A trust is a legal entity that can be used to manage and hold assets for the benefit of one or more beneficiaries. A trustee is appointed to oversee the trust’s investments and property and must exercise prudent discretion in managing it. There are a variety of uses and benefits of a trust including avoiding probate, protecting against financial predators (including creditor claims and marital rights in the case of a divorce), reducing estate taxes, and carrying out charitable intent in a tax-efficient manner.
A trust can be set up in an will or as part of a comprehensive estate plan. It is often used to keep assets out of a surviving spouse’s estate for tax reasons, but there are other reasons as well. These include:
There are many different types of trusts. It’s important to understand the difference between them and what they can and cannot do. Trusts can be complex and should always be created by a qualified attorney.
When you transfer your assets into a trust, you give up legal ownership of them. The trustee holds title to the property and must buy, sell and invest it responsibly on behalf of the beneficiaries. The trustee can also distribute assets to beneficiaries in a variety of ways. Staggered distributions, like monthly payments, may be made to beneficiaries over a specified period of time, or they could be distributed after certain triggering events, such as when the beneficiary turns 18.
It’s a good idea to discuss your wishes and goals with an experienced attorney before drafting your trust. Some attorneys will offer a basic trust package for a low fee and others will charge an hourly rate. The fees can vary greatly depending on the number and type of assets included in the trust, how complicated your distribution strategy is and whether or not you choose to have an attorney prepare a will along with the trust.
Costs: The primary cost of a trust is the attorney’s fee to draft it, but there are other costs involved as well, such as any property registration or title transfers and filing fees.
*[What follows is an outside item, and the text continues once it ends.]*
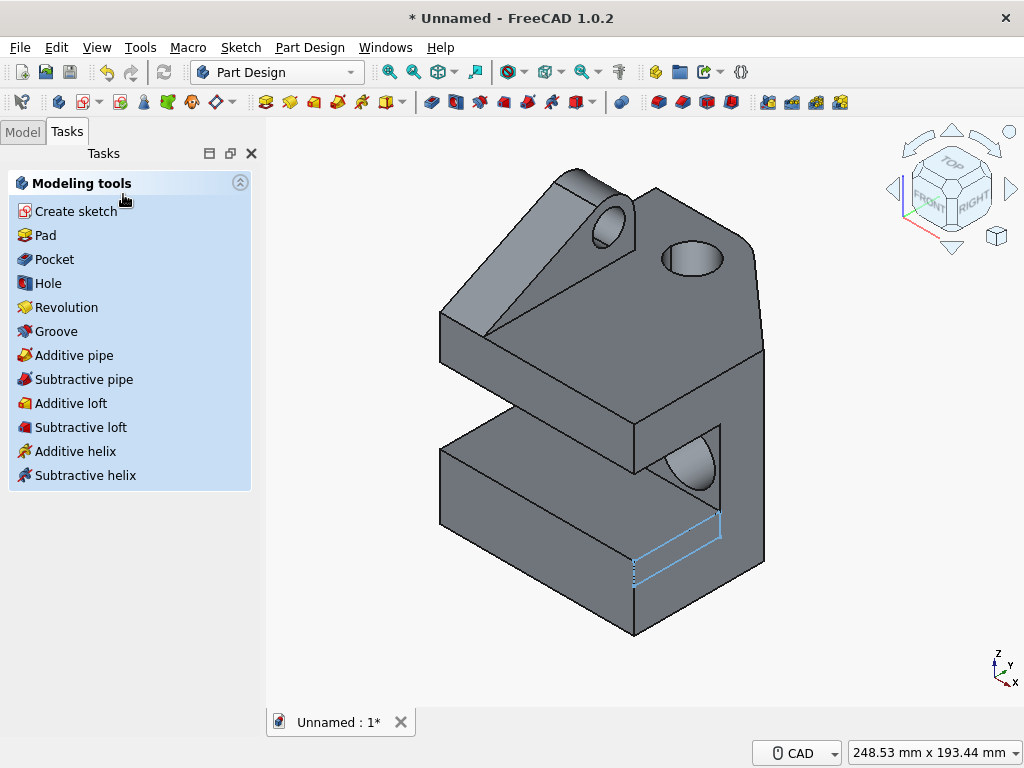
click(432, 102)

Additionally, there are compensation expenses that may be payable to the trustee. These costs can be significant and should play a role in the decision to create a trust.
The trustee is responsible for investing and managing the trust’s assets and providing periodic income distributions to beneficiaries. These distributions are typically made up of interest, dividends, rents and royalties, which are taxable to the beneficiaries. The trustee must report these earnings to the IRS and file appropriate forms with the Internal Revenue Service.
A trustee should be someone that you trust, but that is not necessarily your child or sibling. A family member is generally not a good choice because of the high fiduciary standard that comes with being a trustee. The trustee must act in the best interests of the beneficiaries, and if he or she is not performing adequately, a replacement can be selected by unanimous consent of the beneficiaries of the trust.